## WORK REQUEST
Show only those lines of the entries where the string "below" is found.

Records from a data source
====

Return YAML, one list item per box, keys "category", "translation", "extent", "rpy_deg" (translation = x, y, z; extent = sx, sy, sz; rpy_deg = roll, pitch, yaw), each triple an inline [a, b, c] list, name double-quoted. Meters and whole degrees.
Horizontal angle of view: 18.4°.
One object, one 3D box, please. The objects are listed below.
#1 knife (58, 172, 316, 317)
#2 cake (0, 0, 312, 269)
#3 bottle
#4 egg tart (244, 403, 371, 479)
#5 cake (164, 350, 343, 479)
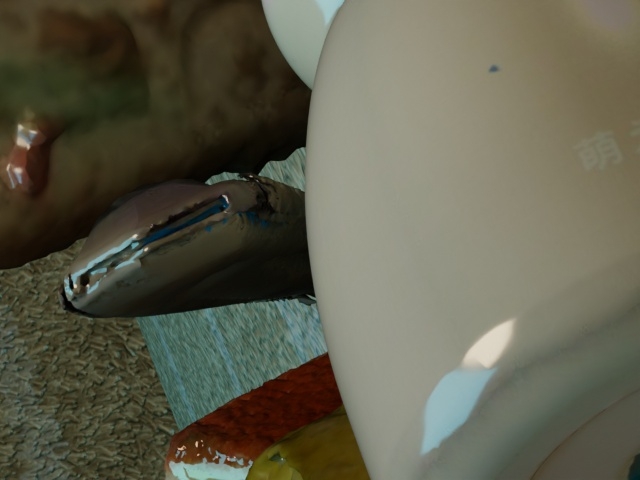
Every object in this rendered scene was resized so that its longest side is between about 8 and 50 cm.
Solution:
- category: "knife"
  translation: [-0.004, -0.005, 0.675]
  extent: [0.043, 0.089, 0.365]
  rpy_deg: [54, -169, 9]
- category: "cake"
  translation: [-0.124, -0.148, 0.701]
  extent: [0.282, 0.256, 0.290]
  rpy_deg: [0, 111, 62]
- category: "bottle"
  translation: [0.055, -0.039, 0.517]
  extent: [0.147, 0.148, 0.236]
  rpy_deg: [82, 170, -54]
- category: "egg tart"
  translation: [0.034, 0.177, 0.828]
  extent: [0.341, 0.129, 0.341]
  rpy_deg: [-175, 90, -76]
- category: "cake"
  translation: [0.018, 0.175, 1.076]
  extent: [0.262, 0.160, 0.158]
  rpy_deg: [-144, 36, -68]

====

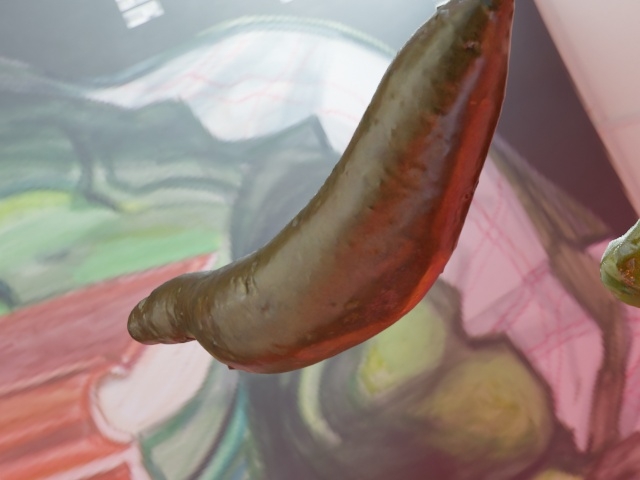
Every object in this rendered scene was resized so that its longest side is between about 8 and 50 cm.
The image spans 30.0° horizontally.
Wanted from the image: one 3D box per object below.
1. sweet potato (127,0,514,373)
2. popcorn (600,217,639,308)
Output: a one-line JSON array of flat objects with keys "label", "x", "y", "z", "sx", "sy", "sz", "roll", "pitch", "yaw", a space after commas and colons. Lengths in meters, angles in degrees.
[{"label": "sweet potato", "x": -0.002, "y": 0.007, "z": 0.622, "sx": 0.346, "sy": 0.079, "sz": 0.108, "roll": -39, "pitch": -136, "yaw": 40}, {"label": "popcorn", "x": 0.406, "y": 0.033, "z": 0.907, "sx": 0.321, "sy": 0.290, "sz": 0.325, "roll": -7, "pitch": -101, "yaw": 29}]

====

## EXERCISE RESULT
One object, one 3D box, please. The objects are listed below.
Wanted from the image: one 3D box per object below.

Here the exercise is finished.